San Francisco May Have First Chinese-American (Acting) Mayor

San Francisco Board of Supervisors president David Chiu stands to be San Francisco's first Chinese-American mayor -- even if only for a day!


(H/T Jeff Yang) 

California’s election of current San Francisco mayor Gavin Newsom as its new lieutenant governor on Tuesday leaves San Francisco’s Board of Supervisors with a major office to fill. In the running to be appointed as San Francisco’s interim mayor (until an election can be held) are several candidates who, if appointed, would be either the first openly-gay, the first Chinese-American or the first “modern-era” Latino mayor of the Golden Gate city.   

Democrat and civil rights activist David Chiu, who is the president of the Board of Supervisors, is one of the front-runners in the decision.  And, for a city in which 31.5% of its residents are Asian American, perhaps it’s about time for an Asian American to claim the city’s top spot? Chiu’s no stranger to being an Asian American first: Chiu made history two years by becoming the first Asian American to represent San Francisco’s teeming Chinatown district as Supervisor. Here’s a biography of Chiu’s many accomplishments, written when he was running for the Board of Supervisors. 
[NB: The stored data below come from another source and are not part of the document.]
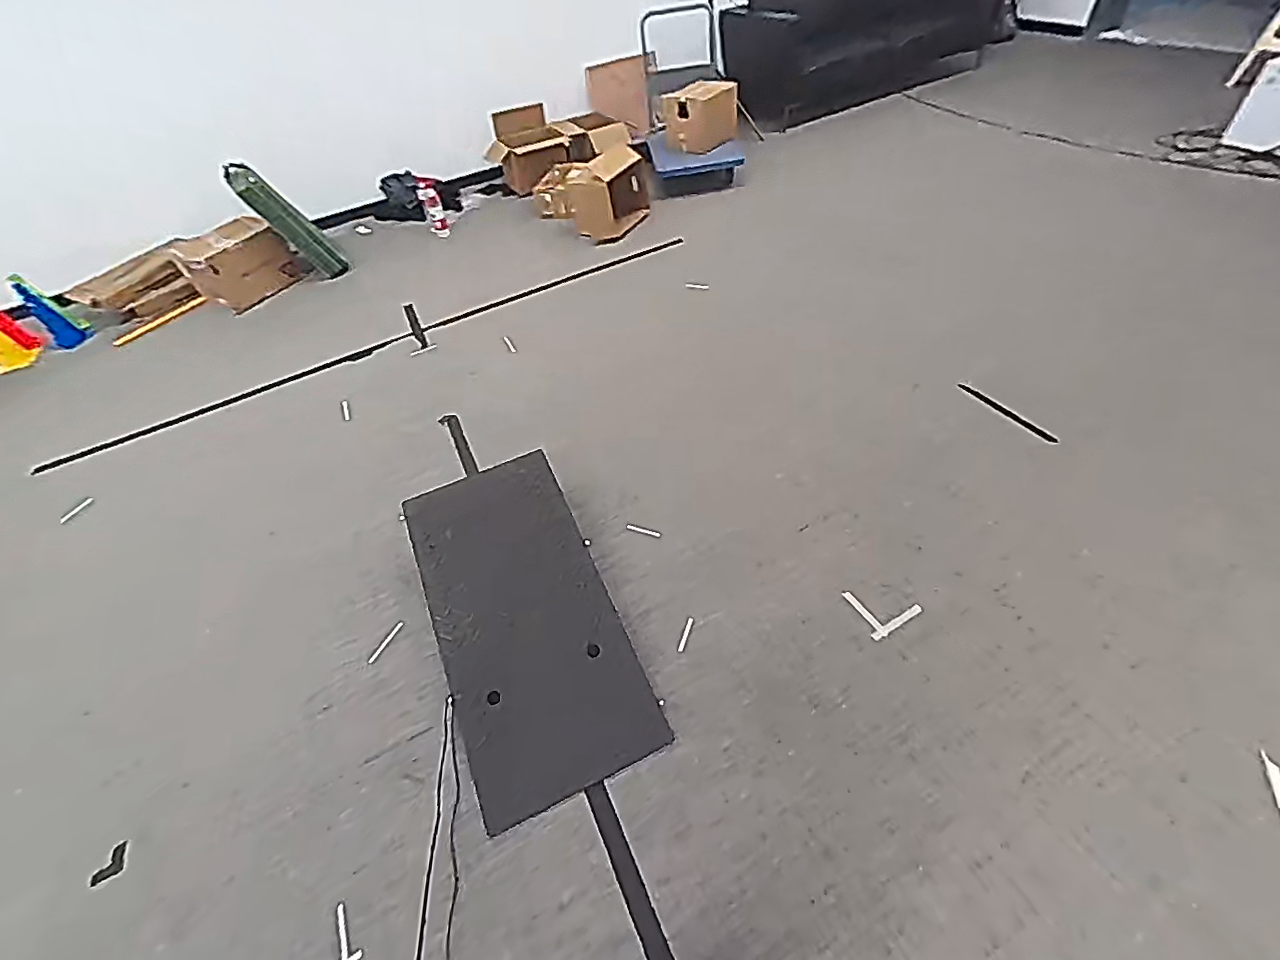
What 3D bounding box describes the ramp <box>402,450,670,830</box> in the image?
[{"bbox_3d":[-0.342,0.361,1.564,0.509,0.206,0.991,-23,49,-14],"label":"ramp"}]
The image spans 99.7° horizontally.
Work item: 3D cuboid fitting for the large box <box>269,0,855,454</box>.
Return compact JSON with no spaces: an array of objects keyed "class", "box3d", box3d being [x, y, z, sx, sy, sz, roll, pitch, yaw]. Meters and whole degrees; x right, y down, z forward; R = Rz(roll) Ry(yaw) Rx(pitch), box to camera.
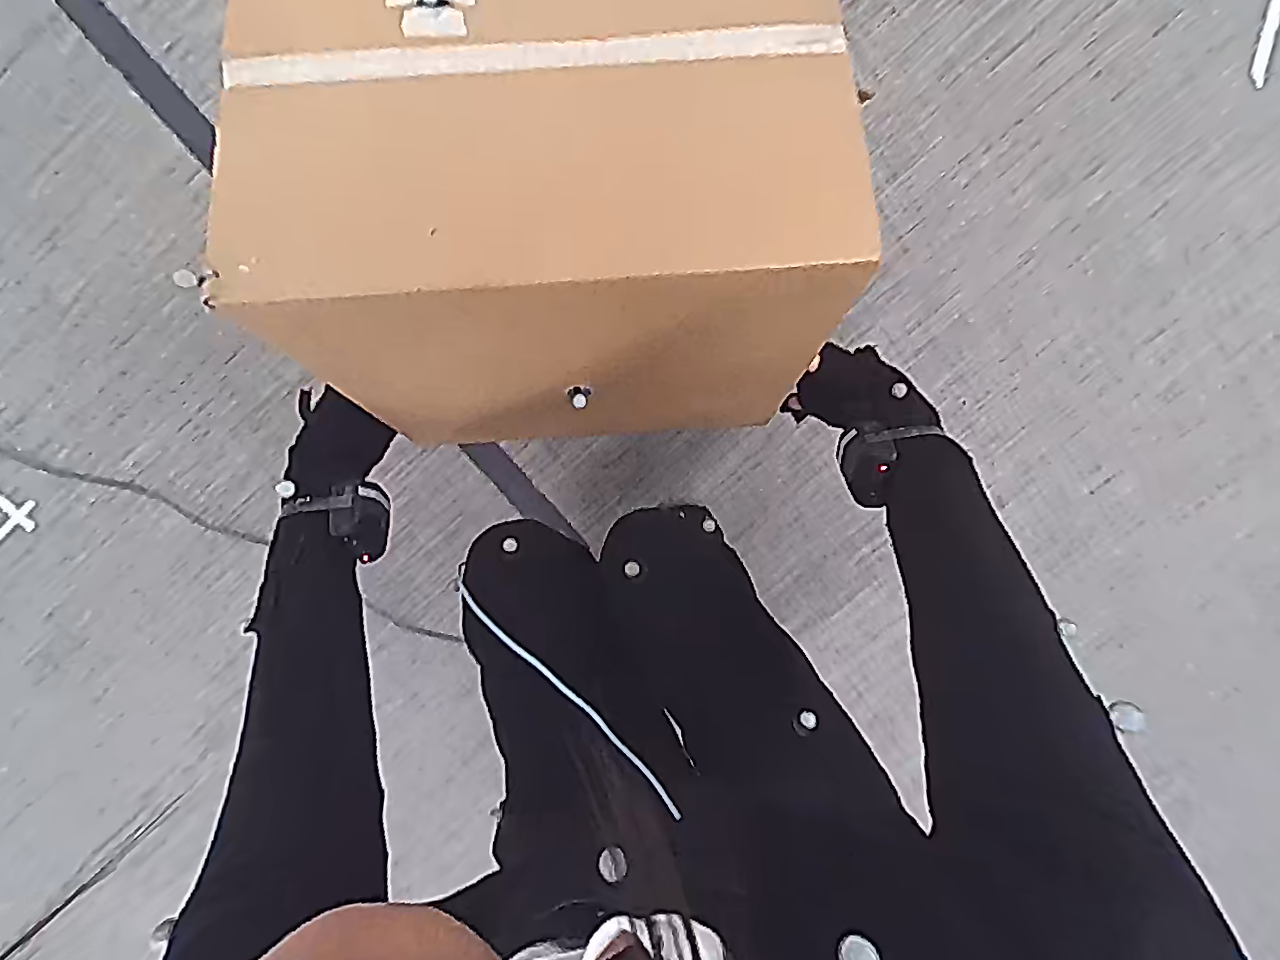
[{"class":"large box","box3d":[-0.061,-0.229,0.543,0.408,0.320,0.320,-5,74,0]}]

As it stands, as Board of Supervisors president, Chiu will serve as acting mayor starting from Newsom’s swearing in (January 3rd) until a decision for interim mayor can be made. The Board is slated to meet on January 4th, meaning that for 24 hours, Chiu will serve as acting mayor: 

Until the board votes on an interim mayor – something it doesn’t have to do – the board president serves as acting mayor if the office is vacant. Under the City Charter, that responsibility will fall to current board President Chiu, at least for a day. 

Democrats on the Board of Supervisors must weigh some heavy political consequences prior to their decision, which could affect whether they retain the mayorship next term. 

Corey Cook, a University of San Francisco political scientist, said the pressure will be on the board’s liberal flank to decide whether to support a nondivisive placeholder or give an ally a head start. 

“If the progressives guess wrong this time, they will not win the mayor’s office in 2011,” Cook said. 

Cook said a placeholder mayor might be the safest choice, given the tough budget year that lies ahead when difficult decisions will have to be made. 

Who knows if Chiu’s “mayorship” will extend past sun-down on January 4th, but his tenure in office is still an exciting first in California’s Asian American history!